2 March 2020 Blog Post: Important Information for Our Patients
Today was an extraordinary day in regards to #COVID-19, the novel coronavirus that continues to spread across the world. Today’s daily situation report from the World Health Organization (WHO) listed 88,948 confirmed cases worldwide (1,804 of them new). The disease is present in 65 countries, including six countries that reported their first cases the previous day (Armenia, Czechia, Dominican Republic, Luxembourg, Iceland, and Indonesia).
In the United States, there are now 105 confirmed cases, 5 deaths and 7 recoveries. The Seattle area and environs has the largest cluster with 4 cases and 1 death in Snohomish County plus 14 cases and 5 deaths in King County. There are 27 Kirkland, WA firefighters and 2 police officers in quarantine after responding and transporting coronavirus patients from the Life Care facility. Statistical modeling has suggested that there could between 350 and 550 as yet undiagnosed cases in Washington State. The CDC will hold a call for physicians and other clinicians on Thursday, March 5, from 2 to 3 p.m. ET, covering what to do to prepare for COVID-19 in the U.S.
This call is too little, too late. Our small Santa Monica clinic was inundated today and, at some points today, we were falling 2 hours behind our scheduled appointment times. Conversations during routine physical examinations stretched on as patients, particularly our older patients with chronic medical conditions, had numerous questions about how to protect themselves and prepare. We had numerous phone conversations which have stretched on late into the night. Given the situation rapidly unfolding in Washington State, it is only reasonable to assume (or at least prepare for) community wide spread in Los Angeles.
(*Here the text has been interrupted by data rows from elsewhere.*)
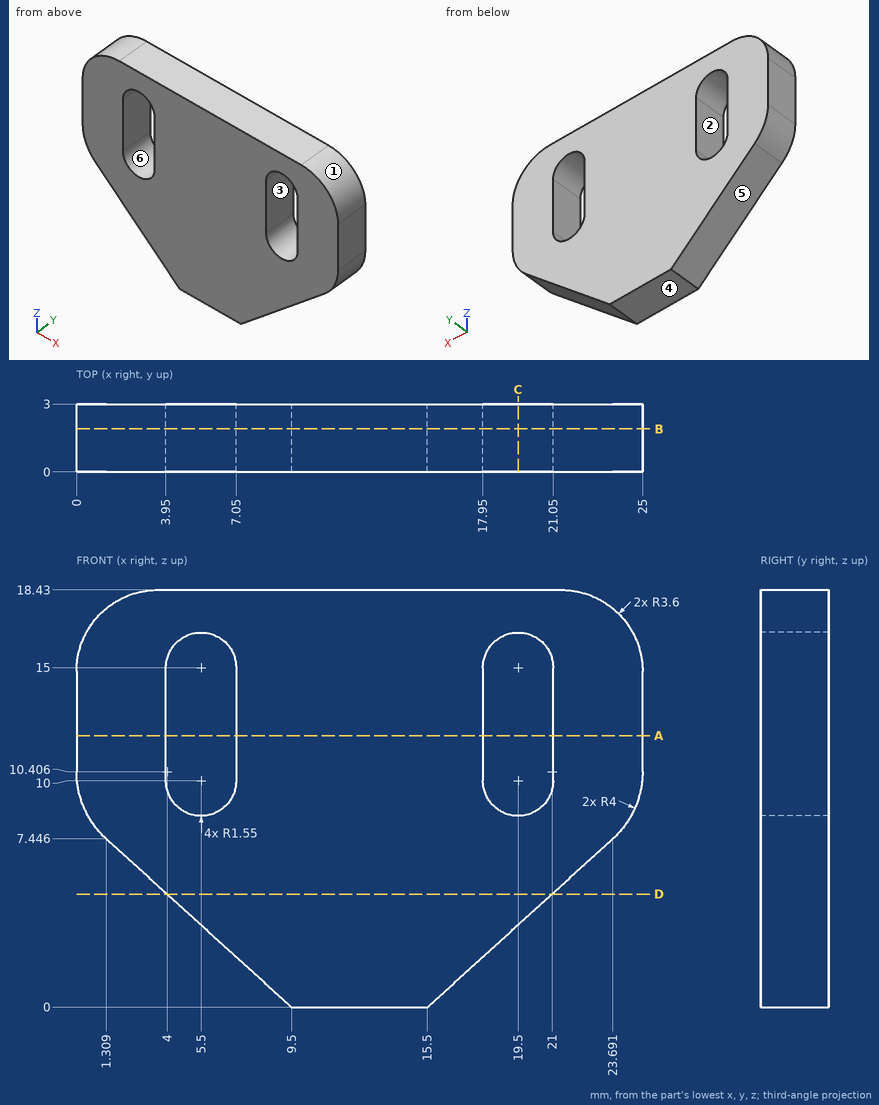
Job drawing, mm, ordinate dimensions from the low corner. One solid piece. A direction names the side the tool comes from. Give positions to 0.01 mm unless a question says otherwise; leave off trailing zeros. Loops run counter-clockwise (first coordinate to the right, second up) from the corner with the lowest first, then second, coordinate; pieces in that order, holes last. Notation, with made-up numbers: M -34.5,-31.5 L -11.5,-31.5 A17 cw -11.5,-11.5 Z; hole C -29.5,5.5 d2. An arc over 180 degrees is marked long. Put each result on its own line as item: value. Start each with the question number.
1) Flat gauge pins, fed straight in: pin 1 (8 mm diameter, centred on x = 20.5, z = 13, fed in from +Y); pin 2 (1 mm diameter, centred on y = 1, z = 16, fed in from -X). Where does each tip first touch, or does it go through?
2) Saw through at A-A (z = 12). List the corners of the cut face in (x, y), then the cut area to 3 significant figures.
3) Saw through at C-C (x = 19.5). List the corners of the cut face in (y, z).
4) Saw through at B-B (y = 1.9). List the corners of the cut face in (x, z), then the cut area to 3 significant figures.
5) Pull direction Z, two halves, no side cores. Call the marked faces 1, 2, 3 and 4: +Z half, -Z half, draft (parallel to the pull), parting line (faces both ways), or undercut.
6) Saw through at D-D (z = 5). List the corners of the cut face in (x, y), then the cut area to 3 significant figures.
7) 3-axis set-ups, long thin cutter, end or side, ignore diameter. For the marked faces 5 and 6: which of +Z, -Z, +X, -X, +Y, -Y reach the whole face in a straight line?
8) Probe probe 1 along X at (y, z) = (2.6, 11); probe 2 along X at (y, z) = (1.5, 9.75); probe 3 along Z at (x, y) = (19.75, 0.95) (1 decimal). List the from-to ranges inside material, lowest first.
Numbers:
1. pin 1: y = 3
1. pin 2: x = 0.06
2. outline: M 0,0 L 3.95,0 L 3.95,3 L 0,3 Z; M 7.05,0 L 17.95,0 L 17.95,3 L 7.05,3 Z; M 21.05,0 L 25,0 L 25,3 L 21.05,3 Z
2. area: 56.4 mm^2
3. outline: M 0,3.64 L 3,3.64 L 3,8.45 L 0,8.45 Z; M 0,16.55 L 3,16.55 L 3,18.43 L 0,18.43 Z
4. outline: M 0,10.41 A4 ccw 1.31,7.45 L 9.5,0 L 15.5,0 L 23.69,7.45 A4 ccw 25,10.41 L 25,14.83 A3.6 ccw 21.4,18.43 L 3.6,18.43 A3.6 ccw 0,14.83 Z; hole M 3.95,10 A1.55 ccw 7.05,10 L 7.05,15 A1.55 ccw 3.95,15 Z; hole M 17.95,10 A1.55 ccw 21.05,10 L 21.05,15 A1.55 ccw 17.95,15 Z
4. area: 326 mm^2
5. face 1: +Z half
5. face 2: undercut
5. face 3: undercut
5. face 4: -Z half
6. outline: M 4,0 L 21,0 L 21,3 L 4,3 Z
6. area: 51.0 mm^2
7. face 5: -Z, -X, +Y, -Y
7. face 6: +Y, -Y
8. probe 1: 0 to 3.95, 7.05 to 17.95, 21.05 to 25
8. probe 2: 0.05 to 3.97, 7.03 to 17.97, 21.03 to 24.95
8. probe 3: 3.9 to 8.5, 16.5 to 18.4
```python
from build123d import *

# Parameters (mm, degrees)
F1_DEPTH = 2
F0_R     = 3
F0_R_2   = 1.5
F2_DEPTH = 5
F4_DEPTH = 5
F5_DEPTH = 8
F6_DEPTH = 15
F7_DEPTH = 15
F3_W     = 1
F3_H     = 6
F8_DEPTH = 5


with BuildPart() as f1:
    # F0 (on Top) → F1 (new body)
    with BuildSketch(Plane.XY):
        with BuildLine():
            Line((-14, -20), (-2.7258296596, -20))
            ThreePointArc((-2.7258296596, -20), (0, -18.2529376149), (2.7258296596, -20))
            Line((2.7258296596, -20), (14, -20))
            ThreePointArc((14, -20), (14.7071067812, -19.7071067812), (15, -19))
            Line((15, -19), (15, -15.5))
            ThreePointArc((15, -15.5), (14.4142135624, -16.9142135624), (13, -17.5))
            Line((13, -17.5), (-13, -17.5))
            ThreePointArc((-13, -17.5), (-14.4142135624, -16.9142135624), (-15, -15.5))
            Line((-15, -15.5), (-15, -19))
            ThreePointArc((-15, -19), (-14.7071067812, -19.7071067812), (-14, -20))
        make_face()
    extrude(amount=F1_DEPTH)

    # F0 (on Top) → F2 (join)
    with BuildSketch(Plane.XY):
        with BuildLine():
            ThreePointArc((16.5, 20.5), (15.9142135624, 21.9142135624), (14.5, 22.5))
            Line((14.5, 22.5), (-16.5, 22.5))
            ThreePointArc((-16.5, 22.5), (-17.9142135624, 21.9142135624), (-18.5, 20.5))
            Line((-18.5, 20.5), (-18.5, 17.3358949354))
            Line((-18.5, 17.3358949354), (-18.5, -20.5))
            ThreePointArc((-18.5, -20.5), (-17.9142135624, -21.9142135624), (-16.5, -22.5))
            Line((-16.5, -22.5), (-2.7285225687, -22.5))
            ThreePointArc((-2.7285225687, -22.5), (-2.9999982596, -21.2497061259), (-2.7258296596, -20))
            Line((-2.7258296596, -20), (-14, -20))
            ThreePointArc((-14, -20), (-14.7071067812, -19.7071067812), (-15, -19))
            Line((-15, -19), (-15, -15.5))
            Line((-15, -15.5), (-15, 2.5))
            ThreePointArc((-15, 2.5), (-14.4142135624, 3.9142135624), (-13, 4.5))
            Line((-13, 4.5), (-12, 4.5))
            ThreePointArc((-12, 4.5), (-10.5857864376, 5.0857864376), (-10, 6.5))
            Line((-10, 6.5), (-10, 8.1054256072))
            ThreePointArc((-10, 8.1054256072), (-9.6405519552, 9.2493614806), (-8.6914107177, 9.9821118409))
            Line((-8.6914107177, 9.9821118409), (6.3085892823, 15.5084276303))
            ThreePointArc((6.3085892823, 15.5084276303), (8.1439358734, 15.2722933519), (9, 13.6317413967))
            Line((9, 13.6317413967), (9, 2.5))
            ThreePointArc((9, 2.5), (9.2928932188, 1.7928932188), (10, 1.5))
            Line((10, 1.5), (14, 1.5))
            ThreePointArc((14, 1.5), (14.7071067812, 1.2071067812), (15, 0.5))
            Line((15, 0.5), (15, -15.5))
            Line((15, -15.5), (15, -19))
            ThreePointArc((15, -19), (14.7071067812, -19.7071067812), (14, -20))
            Line((14, -20), (2.7258296596, -20))
            ThreePointArc((2.7258296596, -20), (2.9306559828, -20.6116455515), (3, -21.2529376149))
            ThreePointArc((3, -21.2529376149), (2.9313450587, -21.8910725121), (2.7285225687, -22.5))
            Line((2.7285225687, -22.5), (16.5, -22.5))
            ThreePointArc((16.5, -22.5), (17.9142135624, -21.9142135624), (18.5, -20.5))
            Line((18.5, -20.5), (18.5, 3.5))
            ThreePointArc((18.5, 3.5), (18.2071067812, 4.2071067812), (17.5, 4.5))
            ThreePointArc((17.5, 4.5), (16.7928932188, 4.7928932188), (16.5, 5.5))
            Line((16.5, 5.5), (16.5, 17.3358949354))
            Line((16.5, 17.3358949354), (16.5, 20.5))
        make_face()
        with BuildLine():
            ThreePointArc((-12.5, 17.3358949354), (-15.5, 14.3358949354), (-18.5, 17.3358949354))
            ThreePointArc((-18.5, 17.3358949354), (-15.5, 20.3358949354), (-12.5, 17.3358949354))
        make_face(mode=Mode.SUBTRACT)
        with Locations((13.5, 17.3358949354)):
            Circle(F0_R, mode=Mode.SUBTRACT)
        with BuildLine():
            ThreePointArc((-2.7258296596, -20), (-2.9999982596, -21.2497061259), (-2.7285225687, -22.5))
            Line((-2.7285225687, -22.5), (-0.8335678783, -22.5))
            ThreePointArc((-0.8335678783, -22.5), (-1.4999905856, -21.2476231938), (-0.8247104541, -20))
            Line((-0.8247104541, -20), (-2.7258296596, -20))
        make_face()
        with BuildLine():
            Line((-0.8335678783, -22.5), (-2.7285225687, -22.5))
            ThreePointArc((-2.7285225687, -22.5), (0, -24.2529376149), (2.7285225687, -22.5))
            Line((2.7285225687, -22.5), (0.8335678783, -22.5))
            ThreePointArc((0.8335678783, -22.5), (0, -22.7529376149), (-0.8335678783, -22.5))
        make_face()
        with BuildLine():
            Line((0.8335678783, -22.5), (2.7285225687, -22.5))
            ThreePointArc((2.7285225687, -22.5), (2.9313450587, -21.8910725121), (3, -21.2529376149))
            ThreePointArc((3, -21.2529376149), (2.9306559828, -20.6116455515), (2.7258296596, -20))
            Line((2.7258296596, -20), (0.8247104541, -20))
            ThreePointArc((0.8247104541, -20), (1.3204290366, -20.5412725537), (1.5, -21.2529376149))
            ThreePointArc((1.5, -21.2529376149), (1.3229421411, -21.9599199989), (0.8335678783, -22.5))
        make_face()
        with BuildLine():
            ThreePointArc((2.7258296596, -20), (0, -18.2529376149), (-2.7258296596, -20))
            Line((-2.7258296596, -20), (-0.8247104541, -20))
            ThreePointArc((-0.8247104541, -20), (0, -19.7529376149), (0.8247104541, -20))
            Line((0.8247104541, -20), (2.7258296596, -20))
        make_face()
        with BuildLine():
            ThreePointArc((-12.5, 17.3358949354), (-15.5, 20.3358949354), (-18.5, 17.3358949354))
            ThreePointArc((-18.5, 17.3358949354), (-15.5, 14.3358949354), (-12.5, 17.3358949354))
        make_face()
        with Locations((-15.5, 17.3358949354)):
            Circle(F0_R_2, mode=Mode.SUBTRACT)
        with Locations((13.5, 17.3358949354)):
            Circle(F0_R)
        with Locations((13.5, 17.3358949354)):
            Circle(F0_R_2, mode=Mode.SUBTRACT)
    extrude(amount=F2_DEPTH)

    # F3 (on face) → F4 (join)
    with BuildSketch(Plane.XY.offset(5)):
        with BuildLine():
            ThreePointArc((-18.5, -14.5), (-18.2071067812, -15.2071067812), (-17.5, -15.5))
            Line((-17.5, -15.5), (-16, -15.5))
            ThreePointArc((-16, -15.5), (-15.2928932188, -15.2071067812), (-15, -14.5))
            Line((-15, -14.5), (-15, 2.5))
            ThreePointArc((-15, 2.5), (-14.4142135624, 3.9142135624), (-13, 4.5))
            Line((-13, 4.5), (-12, 4.5))
            ThreePointArc((-12, 4.5), (-10.5857864376, 5.0857864376), (-10, 6.5))
            Line((-10, 6.5), (-10, 8.1054256072))
            ThreePointArc((-10, 8.1054256072), (-9.6405519552, 9.2493614806), (-8.6914107177, 9.9821118409))
            Line((-8.6914107177, 9.9821118409), (-11.5, 8.9473684211))
            Line((-11.5, 8.9473684211), (-11.5, 8.5))
            ThreePointArc((-11.5, 8.5), (-11.7928932188, 7.7928932188), (-12.5, 7.5))
            Line((-12.5, 7.5), (-16.5, 7.5))
            ThreePointArc((-16.5, 7.5), (-17.9142135624, 6.9142135624), (-18.5, 5.5))
            Line((-18.5, 5.5), (-18.5, -14.5))
        make_face()
    extrude(amount=F4_DEPTH)

    # F3 (on face) → F5 (join)
    with BuildSketch(Plane.XY.offset(5)):
        with BuildLine():
            Line((4.5, 22.5), (-9.5, 22.5))
            ThreePointArc((-9.5, 22.5), (-10.9142135624, 21.9142135624), (-11.5, 20.5))
            Line((-11.5, 20.5), (-11.5, 8.9473684211))
            Line((-11.5, 8.9473684211), (-8.6914107177, 9.9821118409))
            Line((-8.6914107177, 9.9821118409), (6.3085892823, 15.5084276303))
            Line((6.3085892823, 15.5084276303), (6.5, 15.5789473684))
            Line((6.5, 15.5789473684), (6.5, 20.5))
            ThreePointArc((6.5, 20.5), (5.9142135624, 21.9142135624), (4.5, 22.5))
        make_face()
    extrude(amount=F5_DEPTH)

    # F3 (on face) → F6 (join)
    with BuildSketch(Plane.XY.offset(5)):
        with BuildLine():
            ThreePointArc((9, -21.5), (9.2928932188, -22.2071067812), (10, -22.5))
            Line((10, -22.5), (16.5, -22.5))
            ThreePointArc((16.5, -22.5), (17.9142135624, -21.9142135624), (18.5, -20.5))
            ThreePointArc((18.5, -20.5), (18.2071067812, -19.7928932188), (17.5, -19.5))
            Line((17.5, -19.5), (14.8660254038, -19.5))
            ThreePointArc((14.8660254038, -19.5), (14.5, -19.8660254038), (14, -20))
            Line((14, -20), (9.1339745962, -20))
            ThreePointArc((9.1339745962, -20), (9.0340741737, -20.2411809549), (9, -20.5))
            Line((9, -20.5), (9, -21.5))
        make_face()
        with BuildLine():
            ThreePointArc((10, -19.5), (9.5, -19.6339745962), (9.1339745962, -20))
            Line((9.1339745962, -20), (14, -20))
            ThreePointArc((14, -20), (14.5, -19.8660254038), (14.8660254038, -19.5))
            Line((14.8660254038, -19.5), (10, -19.5))
        make_face()
    extrude(amount=F6_DEPTH)

    # F3 (on face) → F7 (join)
    with BuildSketch(Plane.XY.offset(5)):
        with BuildLine():
            ThreePointArc((15.5, 10.5), (16.2071067812, 10.7928932188), (16.5, 11.5))
            ThreePointArc((16.5, 11.5), (16.2071067812, 12.2071067812), (15.5, 12.5))
            Line((15.5, 12.5), (10, 12.5))
            ThreePointArc((10, 12.5), (9.2928932188, 12.2071067812), (9, 11.5))
            ThreePointArc((9, 11.5), (9.2928932188, 10.7928932188), (10, 10.5))
            Line((10, 10.5), (12.25, 10.5))
            Line((12.25, 10.5), (13.25, 10.5))
            Line((13.25, 10.5), (15.5, 10.5))
        make_face()
        with BuildLine():
            ThreePointArc((17.5, 1.5), (18.2071067812, 1.7928932188), (18.5, 2.5))
            Line((18.5, 2.5), (18.5, 3.5))
            ThreePointArc((18.5, 3.5), (18.2071067812, 4.2071067812), (17.5, 4.5))
            Line((17.5, 4.5), (13.25, 4.5))
            Line((13.25, 4.5), (12.25, 4.5))
            Line((12.25, 4.5), (10, 4.5))
            ThreePointArc((10, 4.5), (9.2928932188, 4.2071067812), (9, 3.5))
            Line((9, 3.5), (9, 2.5))
            ThreePointArc((9, 2.5), (9.2928932188, 1.7928932188), (10, 1.5))
            Line((10, 1.5), (14, 1.5))
            Line((14, 1.5), (17.5, 1.5))
        make_face()
    extrude(amount=F7_DEPTH)

    # F3 (on face) → F8 (join)
    with BuildSketch(Plane.XY.offset(5)):
        with Locations((12.75, 7.5)):
            Rectangle(F3_W, F3_H)
        with BuildLine():
            ThreePointArc((17.5, -19.5), (18.2071067812, -19.7928932188), (18.5, -20.5))
            Line((18.5, -20.5), (18.5, 2.5))
            ThreePointArc((18.5, 2.5), (18.2071067812, 1.7928932188), (17.5, 1.5))
            Line((17.5, 1.5), (14, 1.5))
            ThreePointArc((14, 1.5), (14.7071067812, 1.2071067812), (15, 0.5))
            Line((15, 0.5), (15, -19))
            ThreePointArc((15, -19), (14.9659258263, -19.2588190451), (14.8660254038, -19.5))
            Line((14.8660254038, -19.5), (17.5, -19.5))
        make_face()
    extrude(amount=F8_DEPTH)


solid = f1.part
```
Here's how the part is built. I have some questions about the finished solid (model axes, mm). A direction names the side the tool comes from. Coordinates: 2 decimals unless noted, no trailing zeros. Write each loop counter-clockwise with the first axis right and the second up, starting at its lowest first coordinate (ties: lowest second). Pieces come first, ordered by that corner, then holes. Notation, with made-up numbers: (-32, -18) -> (-24, -18) arc R12 cw to (-24, 3) -> close; hole circle Ø6 at (16, 20). An arc over 180 degrees is marked (long way). Use a Markdown table: item, result. Add a question column.
(1) If we section it at A-A, the plane y = -7.5: Write out the boundary of the cut face in (x, z).
(2) If we section it at D-D, the plane y = 15: Write out the boundary of the cut face in (x, z).
(3) We'd pull the mould along Y, two halves only. Please class faces 4 (the flat face through (-17, -15.5, 7)), 5 (the cylindrical face through (-14.699, -19.715, 3.479)), 6 (the cylindrical face through (-17.9, 21.93, 2.46)), 7 (the flat face through (12.25, 7, 7)): +Y half, -Y half, draft (parallel to the pull), parting line (faces both ways), or undercut.
(4) If we section it at C-C, the plane z = 15: Write out the boundary of the cut face in (x, y).
(5) I'm going to push flat-ended pins straight in: P1, Ø12, axis at x = 7, z = 8.5, coming from the +Y side; P2, Ø8, axis at x = -3, y = -21, coming from the +Z side; P3, Ø2, axis at x = 2.5, y = -18, coming from the +Z side; P4, Ø1.5, axis at y = 15, z = 5.5, coming from the +X side. Where does each tip first touch, or does it pass through?
(6) Please list where these lines run through material, in increasing order: line 1 (Y direction, x = 14, z = 8.75); line 2 (Y direction, x = 13.5, z = 2.1); line 3 (Y direction, x = 7, z = 4).
(7) If we section it at B-B, the plane x = 11: Write out the boundary of the cut face in (y, z), and give its area (4 significant figures).
(8) For faces 1 (the cylindrical face through (9.285, -22.199, 12.395)), 2 (the cylindrical face through (0.048, -18.253, 3.479)), 3 (the cylindrical face through (-9.65, 9.235, 4.93)), which set-ups out of +Z, -Z, +X, -X, +Y, -Y let a thin tool reach every point of the face, with its end or its side?
Outcome:
| question | item | result |
|---|---|---|
| 1 | outline | (-18.5, 0) -> (-15, 0) -> (-15, 10) -> (-18.5, 10) -> close; (15, 0) -> (18.5, 0) -> (18.5, 10) -> (15, 10) -> close |
| 2 | outline | (-18.5, 0) -> (4.93, 0) -> (4.93, 13) -> (-11.5, 13) -> (-11.5, 5) -> (-18.5, 5) -> close; (8.46, 0) -> (16.5, 0) -> (16.5, 5) -> (8.46, 5) -> close |
| 3 | face 4 | -Y half |
| 3 | face 5 | undercut |
| 3 | face 6 | +Y half |
| 3 | face 7 | undercut |
| 4 | outline | (9, -21.5) arc R1 ccw to (10, -22.5) -> (16.5, -22.5) arc R2 ccw to (18.5, -20.5) arc R1 ccw to (17.5, -19.5) -> (10, -19.5) arc R1 ccw to (9, -20.5) -> close; (9, 2.5) arc R1 ccw to (10, 1.5) -> (17.5, 1.5) arc R1 ccw to (18.5, 2.5) -> (18.5, 3.5) arc R1 ccw to (17.5, 4.5) -> (10, 4.5) arc R1 ccw to (9, 3.5) -> close; (10, 10.5) -> (15.5, 10.5) arc R1 ccw to (15.5, 12.5) -> (10, 12.5) arc R1 ccw to start |
| 5 | P1 | stops at y = 22.5 |
| 5 | P2 | stops at z = 5 |
| 5 | P3 | stops at z = 2 |
| 5 | P4 | stops at x = 16.5 |
| 6 | line 1 | y = -22.5 to -19.5, 1.5 to 4.5, 10.5 to 12.5 |
| 6 | line 2 | y = -22.5 to -20, 1.5 to 15.84, 18.84 to 22.5 |
| 6 | line 3 | y = -22.5 to -20, 15.63 to 22.5 |
| 7 | outline | (-22.5, 0) -> (-17.5, 0) -> (-17.5, 2) -> (-20, 2) -> (-20, 5) -> (-19.5, 5) -> (-19.5, 20) -> (-22.5, 20) -> close; (1.5, 0) -> (22.5, 0) -> (22.5, 5) -> (12.5, 5) -> (12.5, 20) -> (10.5, 20) -> (10.5, 5) -> (4.5, 5) -> (4.5, 20) -> (1.5, 20) -> close |
| 7 | area | 242.5 mm^2 |
| 8 | face 1 | +Z, -X, -Y |
| 8 | face 2 | +Z |
| 8 | face 3 | +Z, -Z |

To this end, our clinic is physically under-equipped to diagnose and appropriately isolate a suspected coronavirus case. We do not have a negative pressure room nor physical capacity to effectively isolate patients. Current guidelines set forth by the Los Angeles County Health Department suggest patients be brought in by a separate entrance, placed in an dedicated room, attended to by staff in full protective gear, and that after disinfecting the room, to not use it again for 2 hours. So that permits us to see 4 patients a day. During a typical cold and flu season we can have 15-20 patients that need evaluation – and this is anything but typical.
For our patient’s safety as well as to mitigate community wide spread of coronavirus, we have now implemented a virtual office approach for any patient with concerning symptoms.